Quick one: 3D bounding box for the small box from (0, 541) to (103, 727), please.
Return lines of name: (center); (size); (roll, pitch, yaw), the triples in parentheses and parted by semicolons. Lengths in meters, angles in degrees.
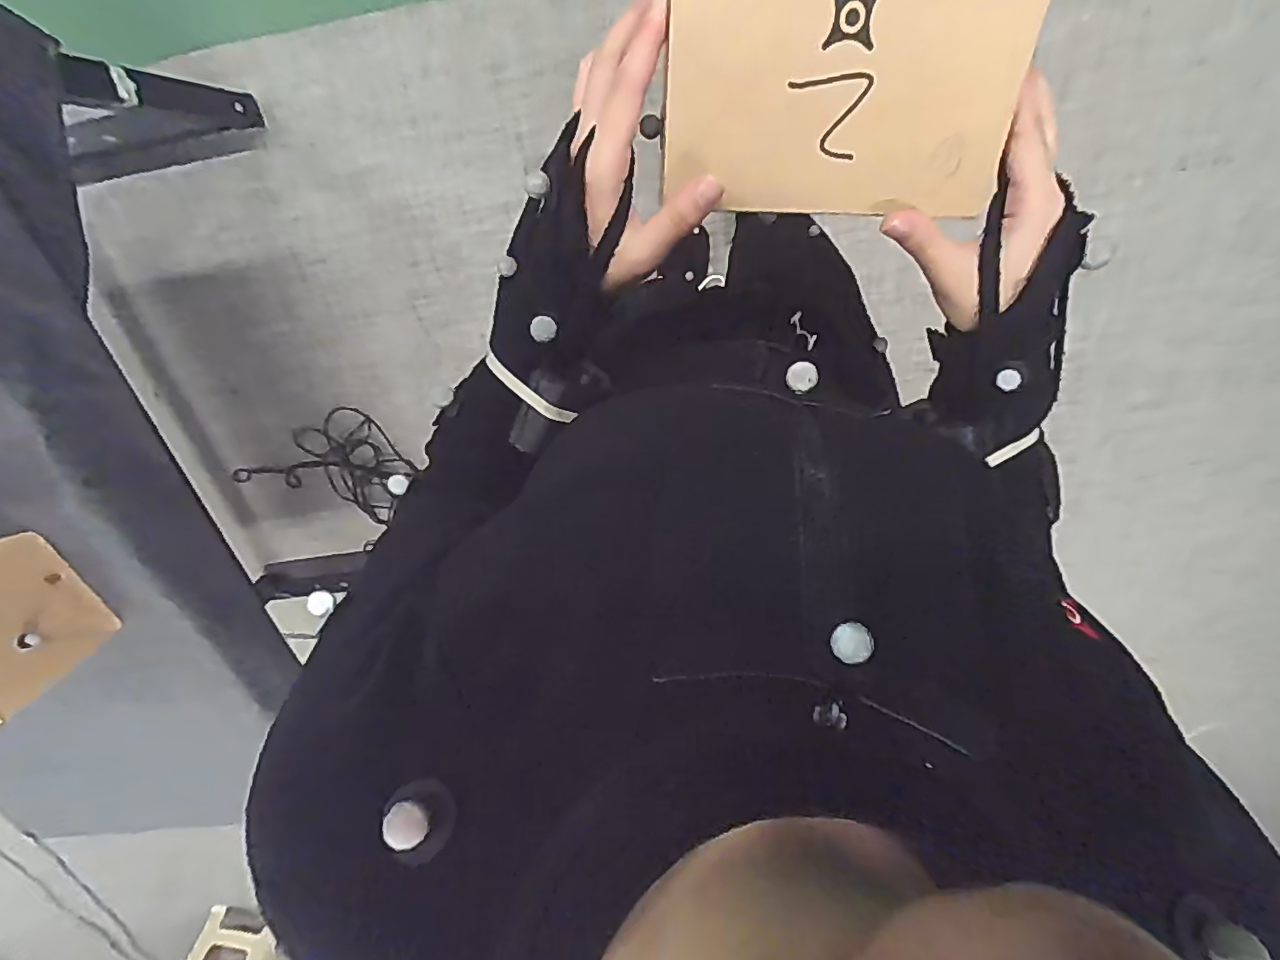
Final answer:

*-*-*

Output every line above exactly as it stands, and drop any picture.

Quick one: 3D bounding box for the small box from (0, 541) to (103, 727), please.
Return lines of name: (center); (size); (roll, pitch, yaw), the triples in parentheses and parted by semicolons. Lengths in meters, angles in degrees.
Final answer:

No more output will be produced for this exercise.